Contributors include the authors of the Team Topologies model, which has been immensely influential in the industry.

“A standout finding from the report is the importance of team identities; organisations with less ambiguous team names with more clearly defined team responsibilities are more likely to be more highly evolved in their DevOps journey,” said Nigel Kersten, Field CTO at Puppet.

“The title ‘DevOps team’ is misleading, as it allows many organisations to assume that having a DevOps team means they are doing DevOps correctly.”

“We recommend less ambiguously named stream-aligned and platform teams in the Team Topologies model, which create a well-defined path to achieving DevOps success at scale.” 

“In ten years, we’ve gone from hype to practice in the way technology is delivered, all with the data to show what we’ve learned along the way. That’s some quality iteration,” said Michael Stahnke, VP of Platform, CircleCI.

“The final stage of DevOps evolution is often the building of a highly leveraged platform and team structure, incorporating self-service capabilities beyond infrastructure. When it’s really done well, the word DevOps tends to fall away as it’s just how work is happening.”

Key determinants for mid-evolution organisations to achieve DevOps success at scale include a successful platform team approach, organisational buy-in from managers and practitioners, a strong automation practice, and a willingness to accept risk and invest for the future.

For everyone who completed the survey, $5 was donated to the National Coalition for the Homeless, the World Central Kitchen, and the UNICEF COVID-19 Solidarity Response Fund.

We also donated added funds provided by our sponsors with total contributions at $45,000.

State of DevOps Report Methodology

The survey collected data from technical professionals with a working knowledge of their IT operations and software delivery process. ClearPath Strategies, hosted the survey and conducted the data analysis.The resulting report was written by Puppet and CircleCI

Stakeholder comments on the State of DevOps

“There will always be teams that are doing something unique and off the beaten path. Cultivating an innovation mindset means giving them the freedom to create without too many constraints,” said Carl Timm, Senior Director of Product Marketing at Armory.

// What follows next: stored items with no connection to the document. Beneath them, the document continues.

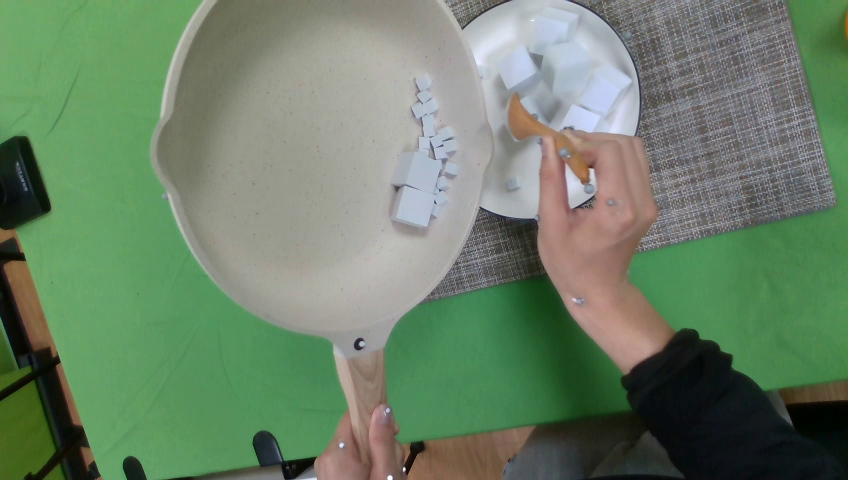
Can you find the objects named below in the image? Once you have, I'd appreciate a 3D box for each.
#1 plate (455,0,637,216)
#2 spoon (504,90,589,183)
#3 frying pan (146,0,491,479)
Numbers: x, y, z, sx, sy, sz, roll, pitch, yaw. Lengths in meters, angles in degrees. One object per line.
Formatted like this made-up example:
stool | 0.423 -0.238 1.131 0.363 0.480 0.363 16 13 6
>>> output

“While standardisation can help with operations and compliance, it’s more important to be deliberate about creating space for teams to explore and create, which extends to tooling. The report does a great job of reinforcing this notion and showing why it is so important.” 

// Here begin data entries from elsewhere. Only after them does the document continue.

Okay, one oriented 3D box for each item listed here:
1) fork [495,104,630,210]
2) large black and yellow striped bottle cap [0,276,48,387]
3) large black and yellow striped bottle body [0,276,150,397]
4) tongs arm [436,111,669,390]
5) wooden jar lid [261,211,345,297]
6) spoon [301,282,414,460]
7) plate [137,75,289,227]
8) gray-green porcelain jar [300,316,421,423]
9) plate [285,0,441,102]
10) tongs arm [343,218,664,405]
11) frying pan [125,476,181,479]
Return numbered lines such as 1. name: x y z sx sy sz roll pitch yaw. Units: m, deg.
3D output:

“Using cloud technologies or agile practices alone is not enough to move organisations from mid-level to high-performing,” said Matthew Skelton, co-author of the book Team Topologies.

“The 2021 State of DevOps Report from Puppet shows that team identities and clear interaction paradigms matter. These and other principles and patterns from Team Topologies are helping organisations in every sector and geography become more high performing.”